§ Problem
Scan the records for the string "this". State how many lines contain it and add nothing.

§ Task inputs
::::::::::

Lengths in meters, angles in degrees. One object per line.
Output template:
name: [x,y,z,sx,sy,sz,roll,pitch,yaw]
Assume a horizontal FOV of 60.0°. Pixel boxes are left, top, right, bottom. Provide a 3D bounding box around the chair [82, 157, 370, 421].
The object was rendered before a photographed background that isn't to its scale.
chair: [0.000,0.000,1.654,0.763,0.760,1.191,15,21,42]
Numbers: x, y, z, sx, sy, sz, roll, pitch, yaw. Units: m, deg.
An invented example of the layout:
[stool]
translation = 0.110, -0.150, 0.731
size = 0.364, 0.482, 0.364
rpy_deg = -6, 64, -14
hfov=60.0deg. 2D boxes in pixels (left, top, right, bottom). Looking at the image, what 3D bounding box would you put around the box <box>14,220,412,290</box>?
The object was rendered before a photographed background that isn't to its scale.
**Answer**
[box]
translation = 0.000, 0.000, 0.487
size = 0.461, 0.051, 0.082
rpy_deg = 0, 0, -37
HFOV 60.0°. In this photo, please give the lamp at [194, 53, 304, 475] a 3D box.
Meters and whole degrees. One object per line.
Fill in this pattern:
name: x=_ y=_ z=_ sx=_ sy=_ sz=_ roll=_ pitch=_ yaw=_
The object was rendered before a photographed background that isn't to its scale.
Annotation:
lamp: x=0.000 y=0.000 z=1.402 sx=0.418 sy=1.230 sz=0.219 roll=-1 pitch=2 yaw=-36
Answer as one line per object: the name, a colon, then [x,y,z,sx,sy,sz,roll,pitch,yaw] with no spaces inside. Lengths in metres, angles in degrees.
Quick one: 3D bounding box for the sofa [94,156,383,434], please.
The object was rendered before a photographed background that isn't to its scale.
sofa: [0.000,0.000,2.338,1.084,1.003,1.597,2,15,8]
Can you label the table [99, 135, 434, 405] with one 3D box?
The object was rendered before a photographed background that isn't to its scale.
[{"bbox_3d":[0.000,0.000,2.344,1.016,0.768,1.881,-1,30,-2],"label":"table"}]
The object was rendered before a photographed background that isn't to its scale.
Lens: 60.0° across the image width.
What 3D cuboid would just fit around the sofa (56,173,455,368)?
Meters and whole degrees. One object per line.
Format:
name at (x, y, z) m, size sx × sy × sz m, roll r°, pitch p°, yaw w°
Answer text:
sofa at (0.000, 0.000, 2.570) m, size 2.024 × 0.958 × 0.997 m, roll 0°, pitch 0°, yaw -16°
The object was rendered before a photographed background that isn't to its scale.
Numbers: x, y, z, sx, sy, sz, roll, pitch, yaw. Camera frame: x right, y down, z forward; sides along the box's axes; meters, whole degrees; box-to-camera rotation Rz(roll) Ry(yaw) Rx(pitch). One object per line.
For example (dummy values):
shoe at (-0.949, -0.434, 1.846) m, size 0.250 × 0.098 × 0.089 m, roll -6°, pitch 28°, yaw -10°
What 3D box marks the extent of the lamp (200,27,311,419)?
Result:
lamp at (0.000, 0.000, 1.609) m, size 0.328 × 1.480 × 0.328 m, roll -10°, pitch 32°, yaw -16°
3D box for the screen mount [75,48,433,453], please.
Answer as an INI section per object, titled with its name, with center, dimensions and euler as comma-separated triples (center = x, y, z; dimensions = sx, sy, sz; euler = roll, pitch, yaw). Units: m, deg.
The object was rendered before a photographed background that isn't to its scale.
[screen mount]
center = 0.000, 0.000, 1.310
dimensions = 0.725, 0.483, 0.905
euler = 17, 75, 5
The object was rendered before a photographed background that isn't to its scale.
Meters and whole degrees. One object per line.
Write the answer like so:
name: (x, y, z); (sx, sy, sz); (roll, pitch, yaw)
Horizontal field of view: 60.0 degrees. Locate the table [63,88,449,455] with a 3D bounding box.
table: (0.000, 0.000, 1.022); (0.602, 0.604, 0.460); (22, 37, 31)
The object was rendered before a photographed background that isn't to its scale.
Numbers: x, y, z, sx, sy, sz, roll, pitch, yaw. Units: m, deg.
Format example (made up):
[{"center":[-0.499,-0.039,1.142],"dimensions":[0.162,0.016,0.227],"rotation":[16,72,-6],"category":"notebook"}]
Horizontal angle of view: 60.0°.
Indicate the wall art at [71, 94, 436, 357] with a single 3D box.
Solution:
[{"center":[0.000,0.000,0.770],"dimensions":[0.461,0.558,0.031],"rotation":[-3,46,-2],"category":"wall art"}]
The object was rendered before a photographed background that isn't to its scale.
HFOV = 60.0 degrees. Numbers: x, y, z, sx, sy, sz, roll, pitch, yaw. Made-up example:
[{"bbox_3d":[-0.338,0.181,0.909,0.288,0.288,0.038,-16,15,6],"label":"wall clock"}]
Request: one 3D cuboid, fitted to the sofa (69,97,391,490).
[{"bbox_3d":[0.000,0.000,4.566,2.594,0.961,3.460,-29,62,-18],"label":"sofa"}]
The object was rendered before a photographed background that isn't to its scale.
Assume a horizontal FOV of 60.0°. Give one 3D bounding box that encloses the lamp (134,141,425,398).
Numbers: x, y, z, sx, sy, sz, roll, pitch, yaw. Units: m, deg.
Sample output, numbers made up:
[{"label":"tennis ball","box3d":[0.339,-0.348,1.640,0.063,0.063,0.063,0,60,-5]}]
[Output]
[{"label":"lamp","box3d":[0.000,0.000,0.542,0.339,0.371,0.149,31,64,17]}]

::::::::::

§ Written answer
2